[Collection entries]
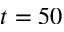Convert formula to latex. <formula><loc_0><loc_0><loc_500><loc_500>t = 5 0</formula> 
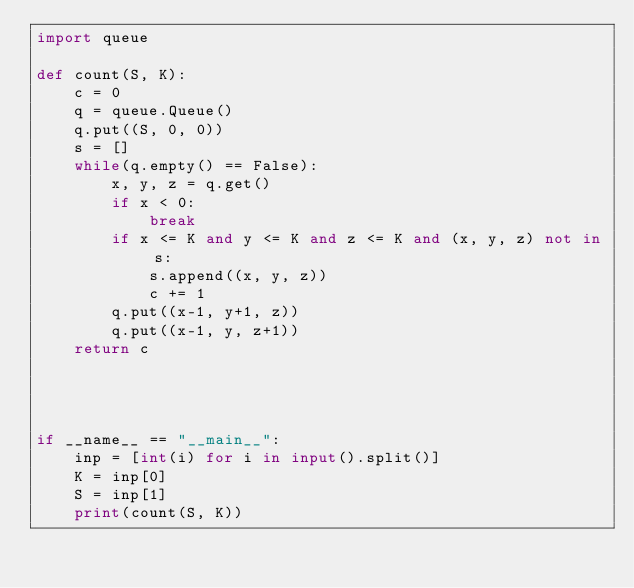<code> <loc_0><loc_0><loc_500><loc_500><_Python_>import queue

def count(S, K):
    c = 0
    q = queue.Queue()
    q.put((S, 0, 0))
    s = []
    while(q.empty() == False):
        x, y, z = q.get()
        if x < 0:
            break
        if x <= K and y <= K and z <= K and (x, y, z) not in s:
            s.append((x, y, z))
            c += 1
        q.put((x-1, y+1, z))
        q.put((x-1, y, z+1))
    return c




if __name__ == "__main__":
    inp = [int(i) for i in input().split()]
    K = inp[0]
    S = inp[1]
    print(count(S, K))</code> 
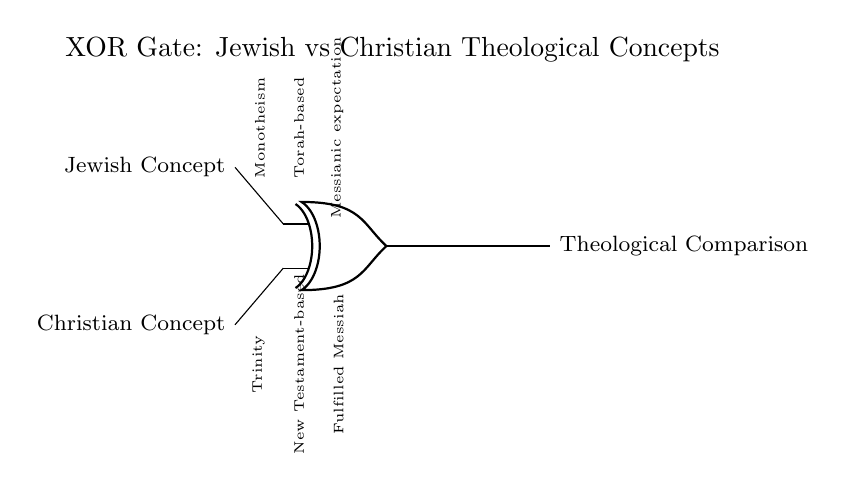What are the two inputs of the XOR gate? The inputs are labeled as "Jewish Concept" and "Christian Concept" in the circuit.
Answer: Jewish Concept, Christian Concept What theological concept is highlighted at the output? The output is labeled as "Theological Comparison," signifying the result of the XOR operation between the two inputs.
Answer: Theological Comparison What are the two core ideas associated with the Jewish input? The Jewish concepts are "Monotheism," "Torah-based," and "Messianic expectation," as indicated in the diagram.
Answer: Monotheism, Torah-based, Messianic expectation What are the two core ideas associated with the Christian input? The Christian concepts are "Trinity," "New Testament-based," and "Fulfilled Messiah," which are provided as the inputs to the XOR gate.
Answer: Trinity, New Testament-based, Fulfilled Messiah Why is this an XOR gate instead of another type? An XOR (exclusive OR) gate outputs true only when one input is true and the other is false. This reflects the unique theological differences highlighted between Jewish and Christian beliefs.
Answer: Unique differences How does the concept of Monotheism compare to the Trinity in this circuit? Monotheism reflects a single divine entity in Judaism, whereas the Trinity represents a complex concept of three divine persons in Christianity, showcasing a fundamental theological contrast.
Answer: Fundamental contrast What is implied by the labels "Fulfilled Messiah" in relation to the Jewish expectations? "Fulfilled Messiah" suggests that Christian theology views Jesus as the realization of Jewish Messianic expectations, indicating a significant theological intersection and divergence between the two traditions.
Answer: Significant theological intersection

## WHAT IS EXPECTED
Pull out all lines in the data above that include "with".

## EXERCISE SOLUTION
Answer: Theological Comparison What are the two core ideas associated with the Jewish input? The Jewish concepts are "Monotheism," "Torah-based," and "Messianic expectation," as indicated in the diagram.
Answer: Monotheism, Torah-based, Messianic expectation What are the two core ideas associated with the Christian input? The Christian concepts are "Trinity," "New Testament-based," and "Fulfilled Messiah," which are provided as the inputs to the XOR gate.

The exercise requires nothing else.